New York Man Sues Janssen over Xarelto Gastrointestinal Bleed

Johnson & Johnson’s Janssen unit is facing a new lawsuit over its anticoagulant Xarelto. The suit was filed on behalf of a New York man who suffered an acute gastrointestinal bleed, allegedly due to Xarelto side effects. The plaintiff, like others suing over Xarelto bleeding injuries, alleges that Janssen failed to adequately warn patients and their physicians about the risks of Xarelto.

Xarelto is an anticoagulant, used to reduce to the risk of blood clots and related complications, such as stroke and heart attack in certain patients. According to the complaint, the plaintiff took Xarelto between April and August 2016 to prevent stroke and heart attack related to atrial fibrillation. Patients with atrial fibrillation have an abnormal heart rhythm that is associated with an increased risk of blood clots.

The plaintiff states that, after only a few months of taking Xarelto, he was hospitalized for acute gastrointestinal bleeding. He stayed in the hospital due to Xarelto bleeding injuries for several days, where physicians told him to discontinue the medication.

According to court records, the Xarelto lawsuit was filed in the U.S. District Court for the Eastern District of Louisiana.

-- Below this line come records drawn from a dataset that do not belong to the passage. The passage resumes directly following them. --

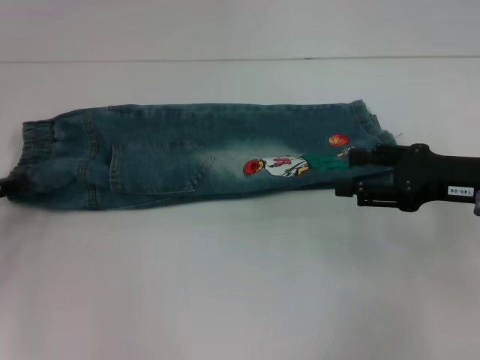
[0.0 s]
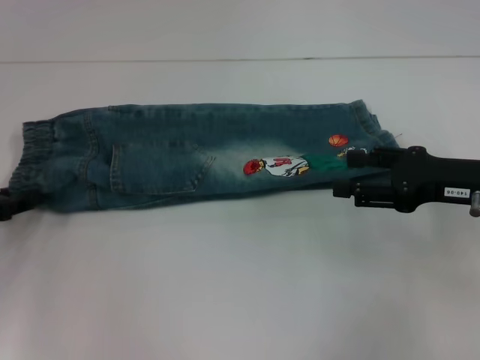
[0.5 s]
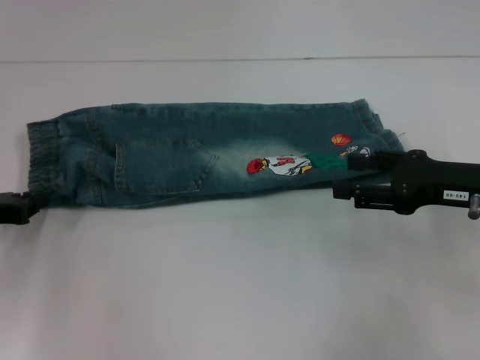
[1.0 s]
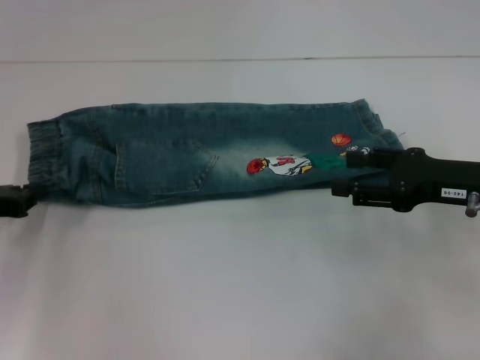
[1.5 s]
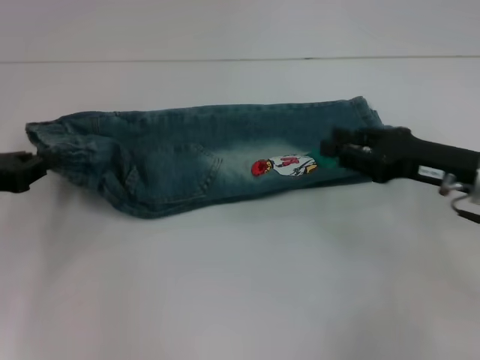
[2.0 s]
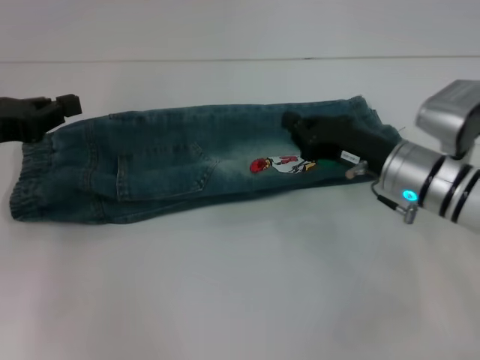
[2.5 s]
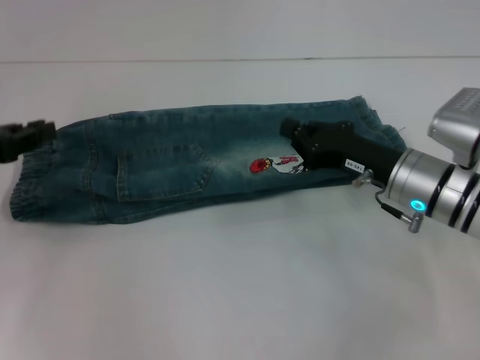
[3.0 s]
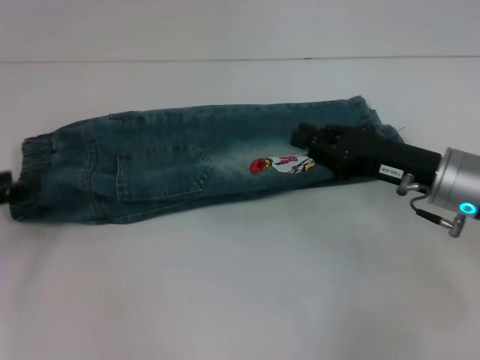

The plaintiff is suing on multiple counts, including strict liability, manufacturing defect, design defect, failure to warn, negligence, breach of express and implied warranties, negligent misrepresentation, and fraud.

Parker Waichman notes that there are over 16,000 Xarelto bleeding injury lawsuits pending in the Eastern District of Louisiana as part of a federal multidistrict litigation (MDL). The U.S. Judicial Panel on Multidistrict Litigation (JPML) creates MDLs when there are a significant number of lawsuits sharing common factual allegations. Consolidating these similar cases together in one court before one judge makes complex litigation move along faster and more efficiently because it streamlines the legal process and eliminates the need for duplicate discovery.

In the Xarelto MDL, plaintiffs allege that the blood thinner caused bleeding injuries and that Bayer and Janssen failed to warn of the risks. In particular, lawsuits allege that the drug makers failed to warn about the lack of an antidote to reverse the drug’s blood-thinning effects. Some lawsuits are wrongful death claims filed on behalf of users who suffered fatal bleeding after taking Xarelto. Xarelto plaintiffs are seeking damages for economic losses, including medical bills and lost wages, in addition to physical, mental and emotional pain and suffering.

A recent study published in the Journal of the American Medical Association (JAMA) Internal Medicine found that Xarelto was associated with higher rates of brain bleeding compared to Pradaxa. Researchers found that Xarelto “was associated with significantly increased intracranial hemorrhage and major extracranial bleeding, including major gastrointestinal bleeding, and nonsignificantly reduced risk of thromboembolic stroke and increased risk of mortality. The absolute increase in intracranial hemorrhage with rivaroxaban treatment exceeded its reduced rate of thromboembolic stroke.”

Xarelto Lawsuit Background

The U.S. Food and Drug Administration (FDA) approved Xarelto in 2011. The drug is used to prevent blood clot, stroke and heart attack in patients with atrial fibrillation, deep vein thrombosis, and patients undergoing knee or hip replacement surgery. Deep vein thrombosis is a condition where a blood clot gets stuck in one of the deep veins, usually the legs. If the clot breaks free, it can lead to a life-threatening complication known pulmonary embolism, where a clot gets stuck in the lungs.

The generic name for Xarelto is rivaroxaban. It is part of a class of drugs known as New Oral Anticoagulants (NOAC); Pradaxa and Eliquis also fall into this category. Pradaxa, approved in 2010, was the first to be introduced. Before these medications were released, warfarin was the main anticoagulant medication prescribed to patients.

Warfarin is sold under the brand name Coumadin. It has been on the market for decades for preventing blood clots. When Xarelto and other NOACs were introduced, drug makers touted the fact that these new drugs came with fewer limitations. Unlike warfarin users, patients taking Xarelto do not need to undergo regular blood testing to make sure medication levels are within therapeutic range in the blood. Xarelto, Pradaxa and Eliquis also do not require patients to adhere to certain dietary restrictions.

However, plaintiffs suing over bleeding injuries with Xarelto allege that drug makers failed to warn about the lack of an antidote, or reversal agent. All blood thinners carry some increased risk of bleeding; but in certain patients, healthcare professionals have determined that the benefits outweigh the risks due to their condition. While anticoagulants are necessary to prevent a life-threatening blood clot, it is also sometimes necessary to reverse these effects, such as during an emergency situation.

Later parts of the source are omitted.